Home > San Diego 2014: The Last Stand of the California Browncoats(8)

San Diego 2014: The Last Stand of the California Browncoats(8)
Author: Mira Grant

Someone in the distance screamed, punctuating his words. The screams seemed to be getting less frequent. None of them knew whether this was a good thing. None of them wanted to be the one who guessed wrong.

“All right,” said Shawn finally.

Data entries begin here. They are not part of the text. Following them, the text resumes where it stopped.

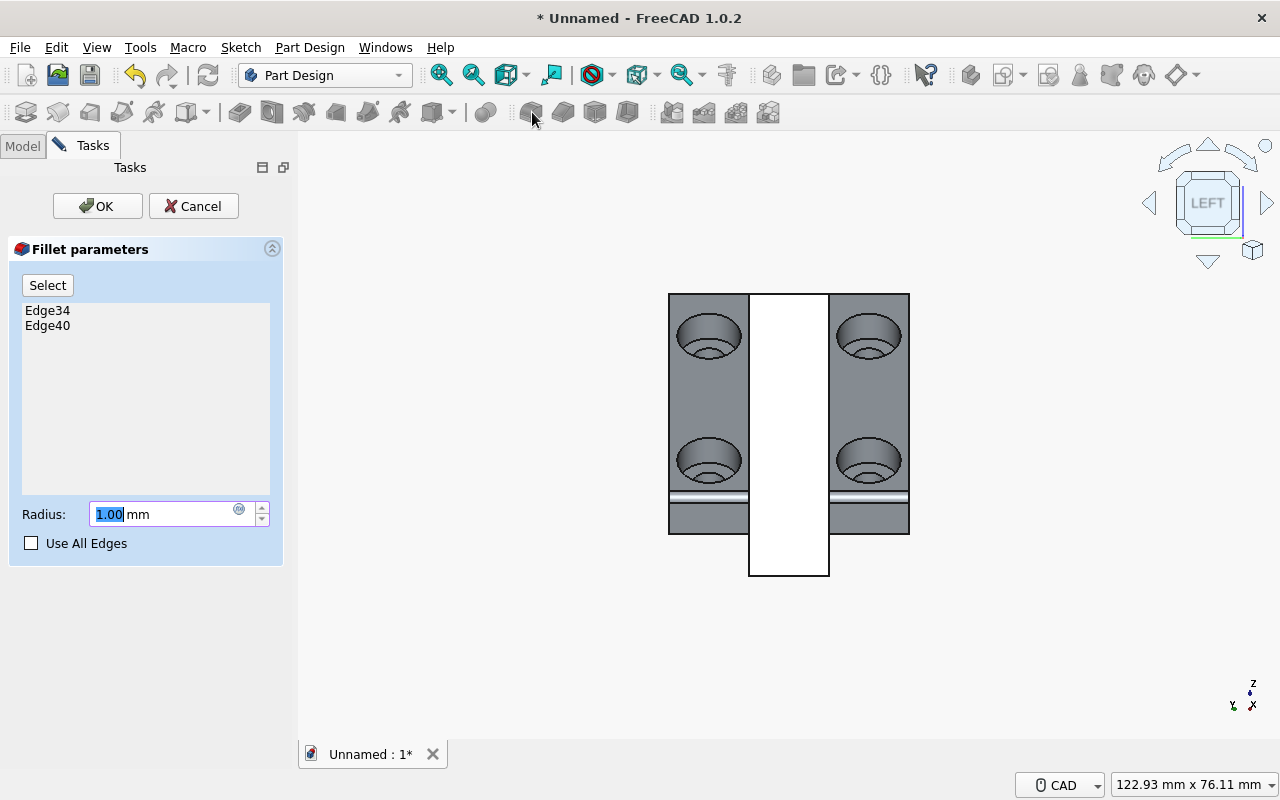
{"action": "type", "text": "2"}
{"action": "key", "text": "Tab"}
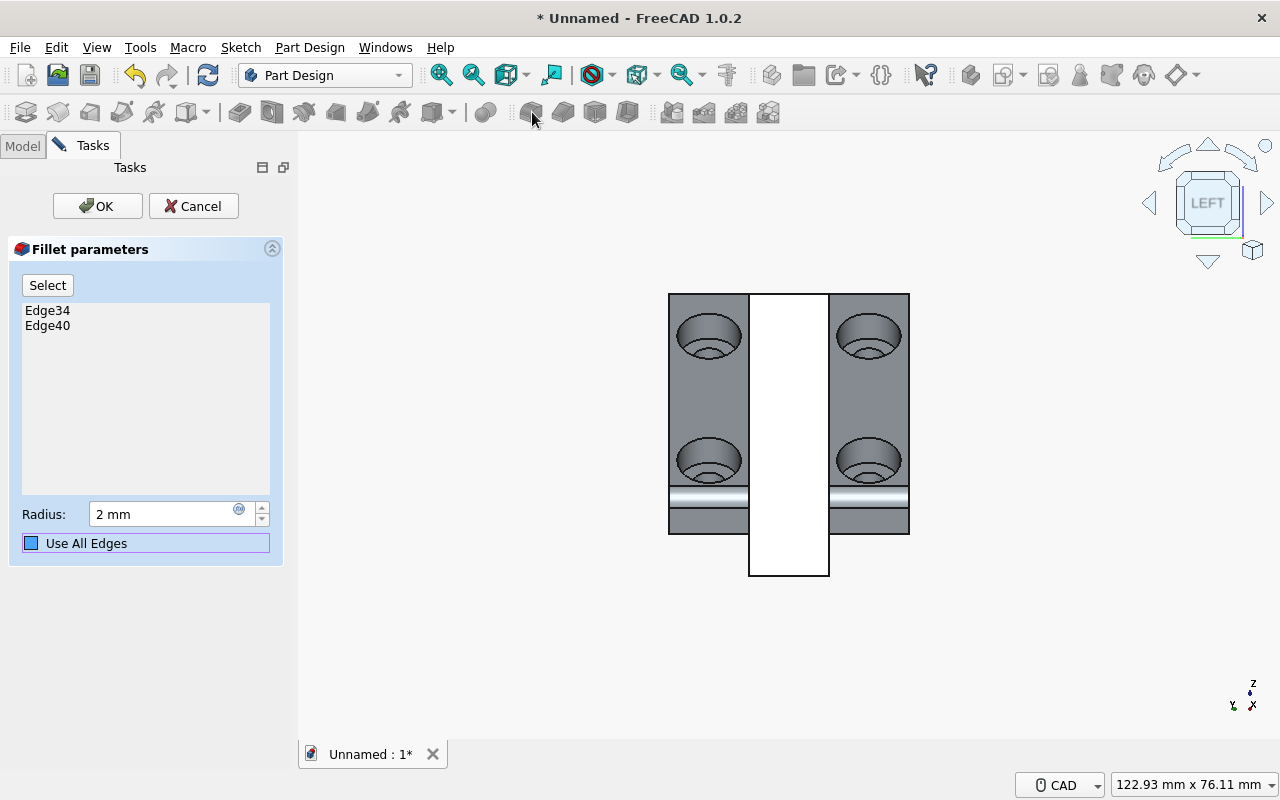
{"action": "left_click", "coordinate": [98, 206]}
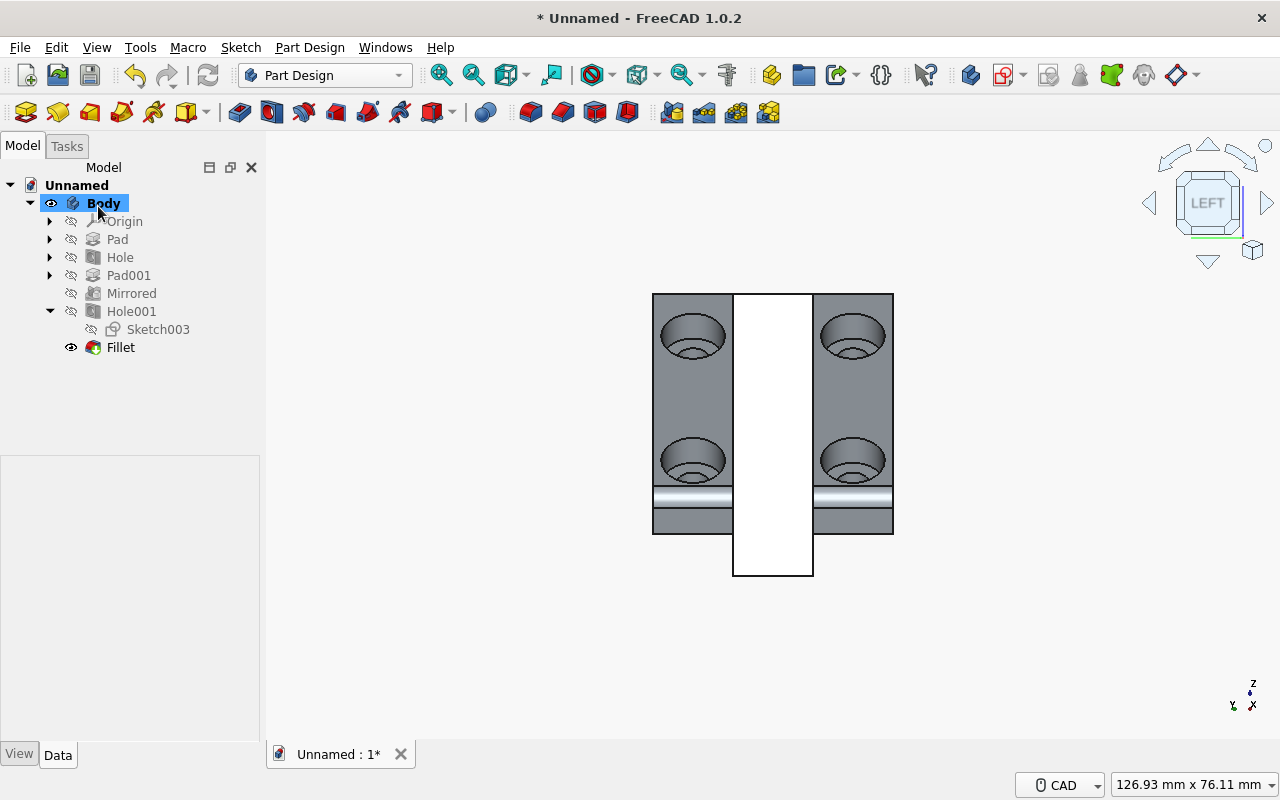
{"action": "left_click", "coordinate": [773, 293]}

They all knew that his consent was just a formality—his leadership was always conditional on the other members of the group wanting to do what he told them to do, and getting a bunch of fans to do anything was a lot like herding cats—but formalities can help a lot, when you let them. “Take Rebecca and anything you think you might need. Report back here.”

“All right. And, boss?”

“Yeah?”

“If we don’t come back in half an hour, don’t send anyone looking for us. Either we’ve made it out and we’re coming back with help, or we didn’t make it and we’re not coming back at all. There’s no sense in you throwing good people into a meat grinder for our sakes.”

For a long moment, Shawn didn’t say anything. Then he nodded and saluted the other man. “Good luck, soldier.”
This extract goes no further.